Causes of a Concussion in Dogs

The most common cause of a concussion is a head injury in a dog. This can be caused by various accident situations. These include, for example:

  • The dog hits its head while playing and romping on a piece of furniture. Alternatively, a strong collision with a tree, a bicycle, or a car is also conceivable.
  • If the dog falls from a height, it can also result in a traumatic brain injury. If you fall from a great height, you should go to the veterinarian immediately.
  • If the dog has run into a glass door, this collision will trigger a mild or severe concussion, depending on its severity.
  • If a puppy falls on its head, every minute counts. The little fur noses quickly lose consciousness. This can be a sign of brain swelling that needs treatment right away.
  • A concussion is very common when a dog (as a passenger) is involved in a car accident. The hard impact in the footwell can lead to severe traumatic brain injury.

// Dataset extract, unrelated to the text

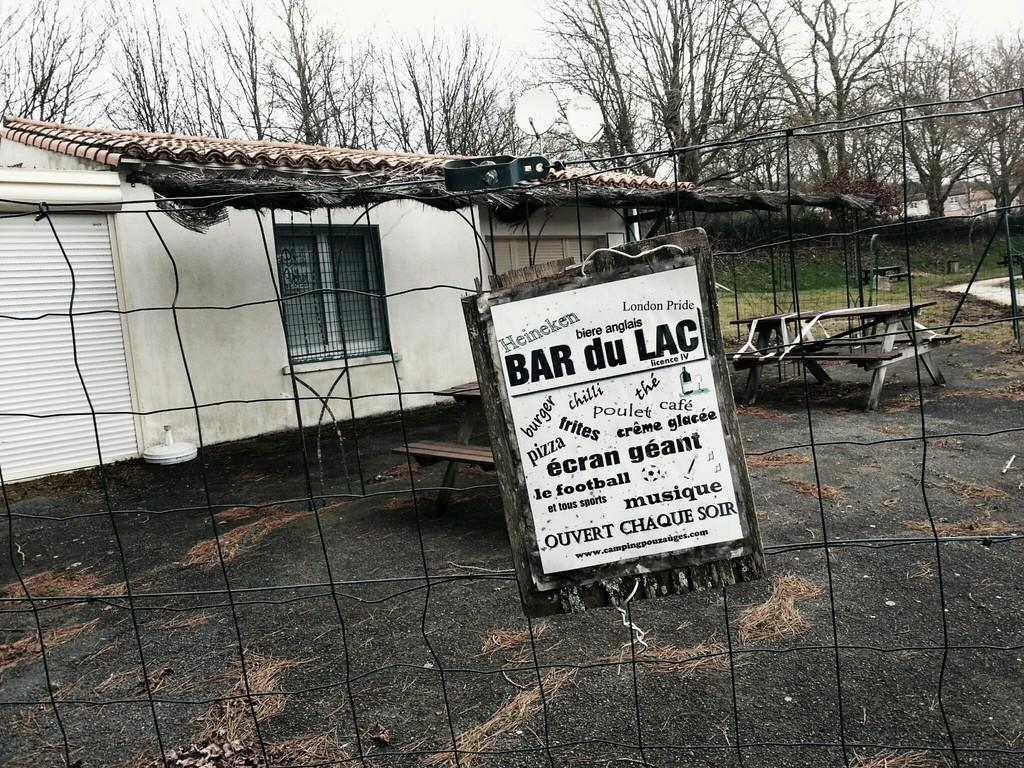Provide a one-sentence caption for the provided image. A sign that says BAR du LAC on a fence in front of a building.

Symptoms of a Concussion in Four-Legged Friends

The signs of a concussion can look like this:

  • Disturbed sense of balance and orientation;
  • Insecurity and confusion;
  • Different sized or dilated pupils;
  • Flickering eyes;
  • Stiff or limp limbs;
  • Tremors or rapid breathing;
  • Nose or ear bleeding;
  • Fits and/or convulsions;
  • Vomit.

If You Suspect, Go to the Veterinarian Immediately

In principle, it is not recommended to try to help your four-legged friend on your own. Only a veterinarian can estimate how severe the blow to the head or the fall was. It is also important to clarify whether any consequential damage will remain in the event of, particularly serious accidents. If you suspect a concussion in your dog, it makes sense to see your vet. It is advisable to bring a second person with you to monitor your four-legged friend. A warm blanket ensures that he feels a little more comfortable. It is important that the head is a little higher than the hind legs. In this way, any pressure in the head can be relieved a little while driving.